How Autonomous Vehicles Work?
To understand how autonomous vehicles work, we have to be clear about the definition of such a vehicle. Although car models like Mercedes-Benz EQS, BMW X7, Volkswagen ID, and Nissan Ariya have a hybrid driverless mode, these aren’t autonomous in the true sense.
Even with advanced vehicles that resemble a driverless sedan or SUV, you still need a human safety operator sitting near the steering wheel as in this example of Bill Gates moving around in an AV in London. To understand the inner workings of autonomous vehicles we should discuss what true autonomy means, and how these vehicles address perception and navigation challenges.
1. What are the Levels of Autonomy in Self-Driving Vehicles?
According to the Society of Automotive Engineers (SAE), there are five levels of autonomy in any self-driving vehicle:
- Level 1: some driver assistance features such as cruise control.
- Level 2: this is a partial automation level where the car can control its own steering and acceleration under human supervision and control.
- Level 3: the car acquires environmental detection capabilities with advanced perceptions such as LiDAR and 4D Imaging Radar. Human override is essential to avoid accidents.
- Level 4: Geofencing is introduced which restricts a car’s navigation based on available maps and predefined paths. Human driver control is still an option.
- Level 5: completely human driver-free vehicle. The AV is deemed intelligent enough to manage the entire driving experience on its own.
If we are to enter an autonomous future, the AV should at least operate at Level 4 autonomy. And right now, most AV companies are still on Level 3 at best which does require the presence of a human safety operator at all times.
2. How Autonomous Vehicles Address Perception Challenges?
When an autonomous vehicle hits the road, it should view everything in its vicinity, whether fast- or slow-moving objects. It should be able to anticipate other vehicles, pedestrians, cyclists, and lane cutters. It may need training to overcome traffic hazards, and deal with fog, rain, snow, birds, and stray animals.
The onset of LiDAR (Light Detection and Ranging) technology has been the biggest advancement in this field. Typically, light pulses congregate and reflect from the body of the vehicle and create grids and 3D maps for the driver assistance system. Once a clear picture is received, that helps the AV avoid collisions and predict the easiest and safest path. LiDAR’s advanced versions, such as this model by LeddarTech, can even deal with beaming lights from other vehicles and shadows.

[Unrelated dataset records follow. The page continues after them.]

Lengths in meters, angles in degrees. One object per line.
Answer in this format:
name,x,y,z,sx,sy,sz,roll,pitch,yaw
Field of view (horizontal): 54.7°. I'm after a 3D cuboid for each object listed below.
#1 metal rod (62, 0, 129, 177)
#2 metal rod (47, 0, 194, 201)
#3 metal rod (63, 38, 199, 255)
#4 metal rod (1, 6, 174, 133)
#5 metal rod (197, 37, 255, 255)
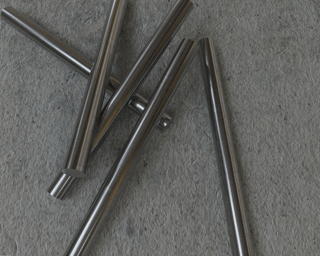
metal rod,-0.077,-0.080,0.409,0.025,0.025,0.300,6,60,2
metal rod,-0.046,-0.043,0.397,0.025,0.025,0.300,32,83,11
metal rod,-0.029,0.020,0.379,0.025,0.025,0.299,26,80,9
metal rod,-0.110,-0.089,0.439,0.300,0.025,0.025,35,74,12
metal rod,0.082,0.015,0.403,0.025,0.025,0.299,-5,70,-2
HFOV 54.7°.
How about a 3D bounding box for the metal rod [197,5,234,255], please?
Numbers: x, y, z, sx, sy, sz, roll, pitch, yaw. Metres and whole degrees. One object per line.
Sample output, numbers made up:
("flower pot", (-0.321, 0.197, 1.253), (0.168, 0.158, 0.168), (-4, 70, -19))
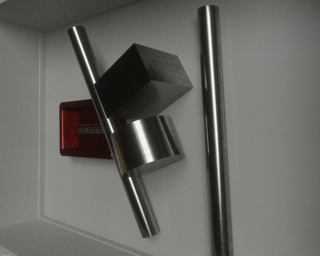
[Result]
("metal rod", (0.063, 0.012, 0.353), (0.025, 0.025, 0.298), (-5, 87, 39))

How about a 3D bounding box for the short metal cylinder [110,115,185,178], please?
("short metal cylinder", (-0.015, 0.024, 0.382), (0.080, 0.081, 0.050), (-30, 72, 36))

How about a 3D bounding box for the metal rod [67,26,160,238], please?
("metal rod", (-0.065, 0.003, 0.424), (0.025, 0.025, 0.299), (-23, 86, 37))

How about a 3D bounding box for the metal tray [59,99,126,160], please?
("metal tray", (-0.109, 0.001, 0.490), (0.130, 0.030, 0.089), (-1, 89, 39))

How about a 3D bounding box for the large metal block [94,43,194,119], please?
("large metal block", (-0.020, -0.053, 0.386), (0.080, 0.081, 0.050), (-37, 68, 34))

Apart from LiDAR, there is another related perception standard available: 4D Imaging Radar. It uses advanced imaging capabilities to render accurate objects visible in the surroundings, as demonstrated in this solution by Arbe and Qamcom.
3. How Autonomous Vehicles Address Navigation Challenges?

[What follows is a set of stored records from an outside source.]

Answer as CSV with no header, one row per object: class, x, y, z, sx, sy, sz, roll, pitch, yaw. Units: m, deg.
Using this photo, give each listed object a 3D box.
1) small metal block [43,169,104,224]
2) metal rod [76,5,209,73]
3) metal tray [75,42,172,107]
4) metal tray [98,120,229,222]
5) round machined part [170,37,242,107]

You can use conventional GPS maps with an AV, but the Wi-Fi speeds are way too slow to respond to any split-second navigation challenges that the AV system must maneuver. To address these issues, 5G networks will usher in the next revolution as the nearly 1 terabyte of data per second speed can quickly render maps to completely replace the human eye. Geofencing is the next stage of AV driving as it helps in path tracking control.
What is the Future of Autonomous Vehicles?
Despite the presence of cutting-edge technology in AV space, many big commercial car companies are shutting down their efforts to launch self-driving cars anytime soon. Investors are also pulling out.
Many countries around the world have cities that suffer from traffic congestion issues. Therefore, AV isn’t very high in the priority list of urban planners. Despite initial hurdles, we can expect many improvements in this space.
We have done many interviews with industry experts working on autonomous vehicle systems. They have helped us learn that by 2030 onward, the first commercial privately owned AVs will take to the streets. We saw the latest developments and progress in terms of safety and workings of autonomous vehicles (AV). Considering the current stage of progress, it’s very much inevitable.